Um teste do Banco da Itália com a stablecoin USD Coin (USDC) concluiu que remessas via stablecoin podem chegar a quase 9% de custo total, com tarifas de conversão fiduciária e de saque superando em muito o custo reduzido da transferência em blockchain.
Principais pontos:
- Pesquisadores enviaram 200 USDC em 10 corredores de remessa; o custo total variou entre 0,3% e 8,96%.
- As transferências on-chain responderam, em média, por apenas 0,4% do valor enviado.
- Stablecoins foram mais baratas que a Wise em três corredores e mais caras em quatro; a velocidade dependeu da infraestrutura de pagamentos local.
Custos de transferência com USDC
O Banco da Itália publicou o estudo de “mystery shopping” em 30 de julho, após os pesquisadores Alberto Di Iorio, Enrica Di Stefano, Michele Mascioli e Giorgio Trebeschi realizarem as operações em março de 2026. Eles movimentaram 200 USDC por dez rotas ligando a Itália a Argentina, Brasil, África do Sul, Emirados Árabes Unidos e Japão, registrando cada etapa de funding, compra, transferência em blockchain, venda e saque.
Os custos totais oscilaram de 0,30% na rota Itália–Argentina a 8,96% em Argentina–Itália, enquanto o componente on-chain ficou em média em apenas 0,4% no conjunto do estudo.

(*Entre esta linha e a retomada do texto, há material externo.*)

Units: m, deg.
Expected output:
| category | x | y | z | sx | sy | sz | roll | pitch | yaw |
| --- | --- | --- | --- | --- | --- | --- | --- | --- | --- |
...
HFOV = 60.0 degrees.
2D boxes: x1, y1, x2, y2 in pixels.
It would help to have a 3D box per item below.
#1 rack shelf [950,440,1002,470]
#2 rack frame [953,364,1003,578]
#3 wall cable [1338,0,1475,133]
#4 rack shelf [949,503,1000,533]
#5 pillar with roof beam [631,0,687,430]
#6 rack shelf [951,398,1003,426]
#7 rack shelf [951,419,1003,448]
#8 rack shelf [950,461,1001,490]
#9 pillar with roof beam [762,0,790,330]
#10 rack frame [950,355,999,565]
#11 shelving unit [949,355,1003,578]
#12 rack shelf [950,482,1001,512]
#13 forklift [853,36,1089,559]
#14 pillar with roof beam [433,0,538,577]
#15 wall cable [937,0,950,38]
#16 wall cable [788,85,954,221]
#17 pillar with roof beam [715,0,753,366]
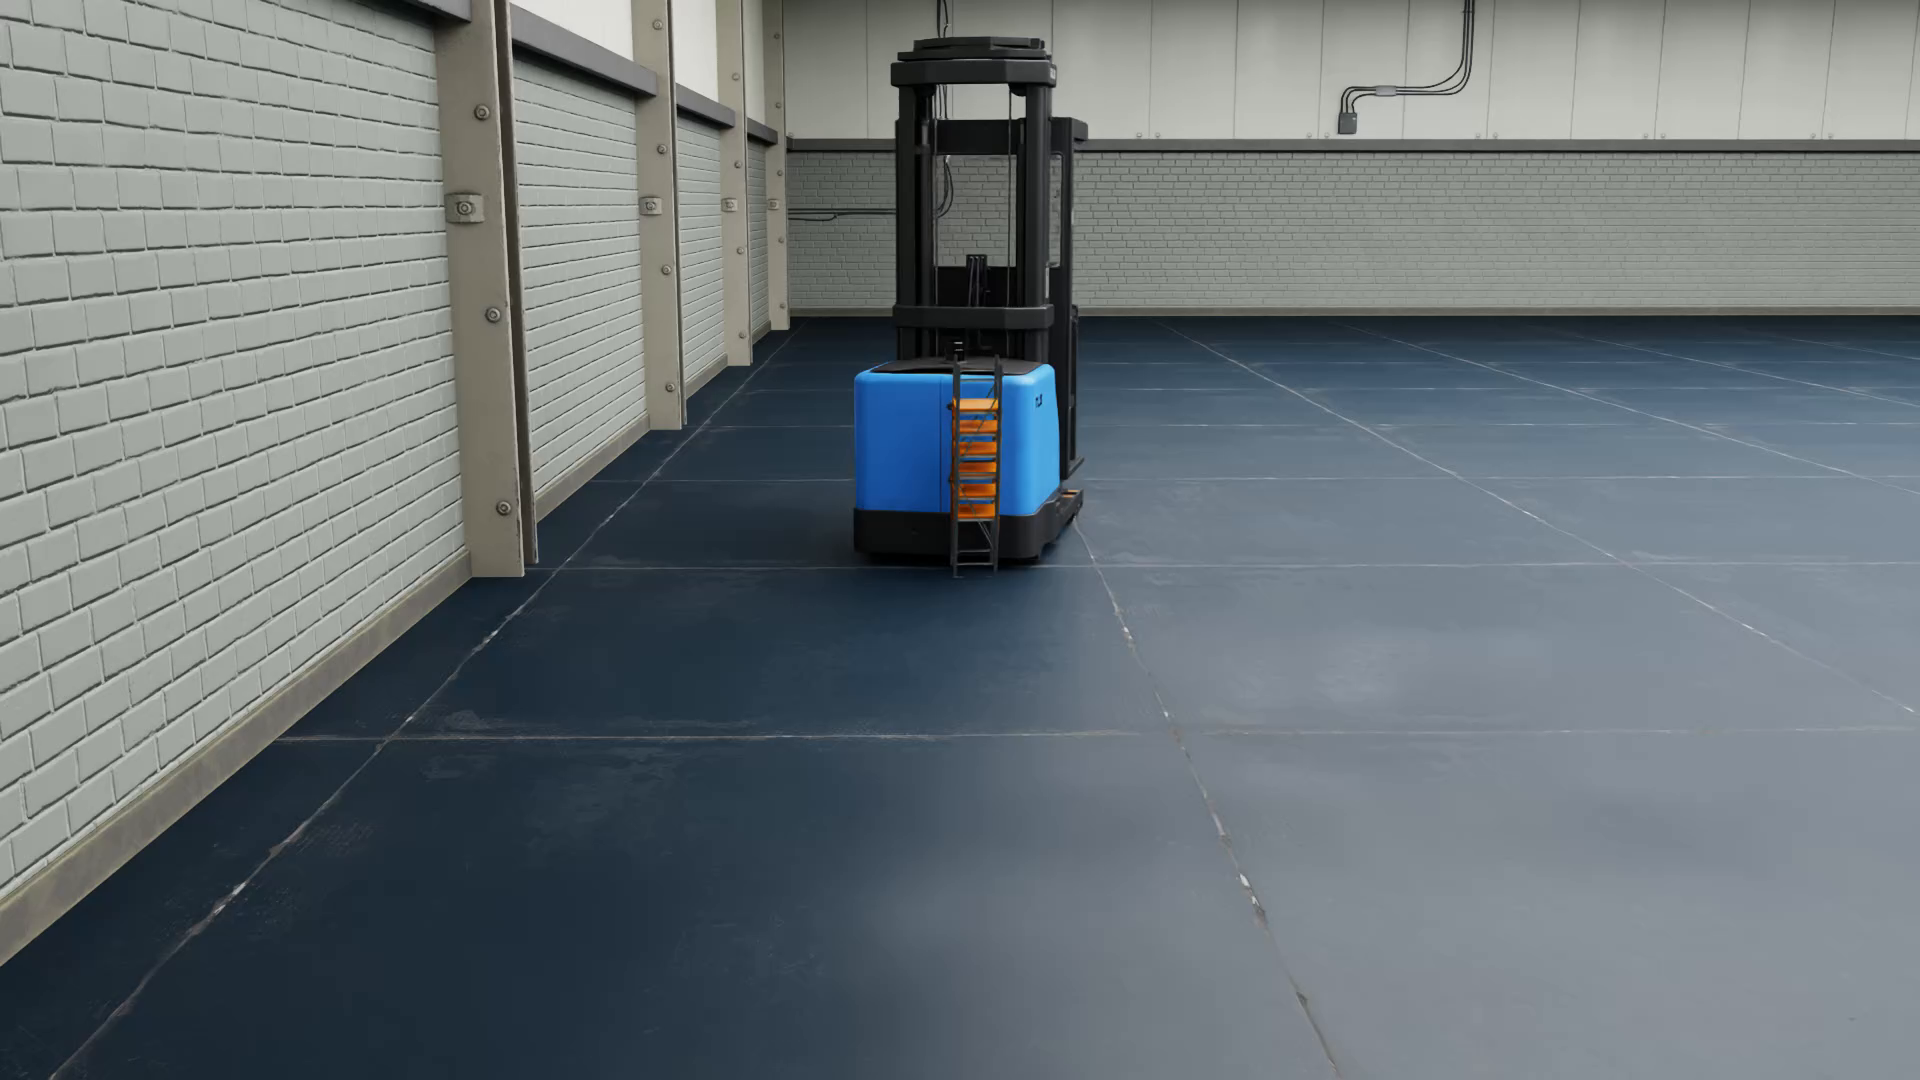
| category | x | y | z | sx | sy | sz | roll | pitch | yaw |
| --- | --- | --- | --- | --- | --- | --- | --- | --- | --- |
| rack shelf | 0.085 | -0.455 | 8.871 | 0.258 | 0.103 | 0.180 | -1 | 22 | -5 |
| rack frame | 0.092 | -0.350 | 8.815 | 0.240 | 1.200 | 0.006 | -1 | 22 | -5 |
| wall cable | 7.834 | -10.120 | 28.755 | 2.305 | 6.003 | 0.169 | 0 | 11 | -1 |
| rack shelf | 0.079 | -0.122 | 9.007 | 0.258 | 0.103 | 0.180 | -1 | 22 | -5 |
| pillar with roof beam | 1.633 | -5.459 | 14.332 | 9.100 | 9.000 | 0.400 | 0 | 11 | -1 |
| rack shelf | 0.089 | -0.677 | 8.780 | 0.258 | 0.103 | 0.180 | -1 | 22 | -5 |
| rack shelf | 0.087 | -0.566 | 8.825 | 0.258 | 0.103 | 0.180 | -1 | 22 | -5 |
| rack shelf | 0.083 | -0.344 | 8.916 | 0.258 | 0.103 | 0.180 | -1 | 22 | -5 |
| pillar with roof beam | 1.385 | -7.844 | 26.090 | 9.100 | 9.000 | 0.400 | 0 | 11 | -1 |
| rack frame | 0.075 | -0.420 | 8.983 | 0.240 | 1.200 | 0.006 | -1 | 22 | -5 |
| shelving unit | 0.084 | -0.385 | 8.899 | 0.258 | 1.200 | 0.189 | -1 | 22 | -5 |
| rack shelf | 0.081 | -0.233 | 8.961 | 0.258 | 0.103 | 0.180 | -1 | 22 | -5 |
| forklift | 0.198 | -1.576 | 10.454 | 1.130 | 2.935 | 3.031 | 2 | 12 | 11 |
| pillar with roof beam | 1.757 | -4.266 | 8.453 | 9.100 | 9.000 | 0.400 | 0 | 11 | -1 |
| wall cable | 1.047 | -9.382 | 28.777 | 3.097 | 2.526 | 0.112 | 0 | 11 | -1 |
| wall cable | -1.658 | -6.895 | 29.225 | 3.097 | 2.526 | 0.112 | 0 | 11 | -1 |
| pillar with roof beam | 1.509 | -6.651 | 20.211 | 9.100 | 9.000 | 0.400 | 0 | 11 | -1 |

As tarifas em moeda fiduciária explicaram quase toda a diferença. No corredor Emirados–Itália, uma sobretaxa de 3,8% no cartão de crédito ajudou a elevar o custo final a 8,95%, evidenciando como o acesso ao sistema bancário local pode definir a conta final.
O documento menciona que o custo médio global de remessas é de 6,4%, ainda acima da meta da ONU de menos de 3% até 2030. Na maior parte dos casos, a liquidação em blockchain foi a parte menos onerosa da operação.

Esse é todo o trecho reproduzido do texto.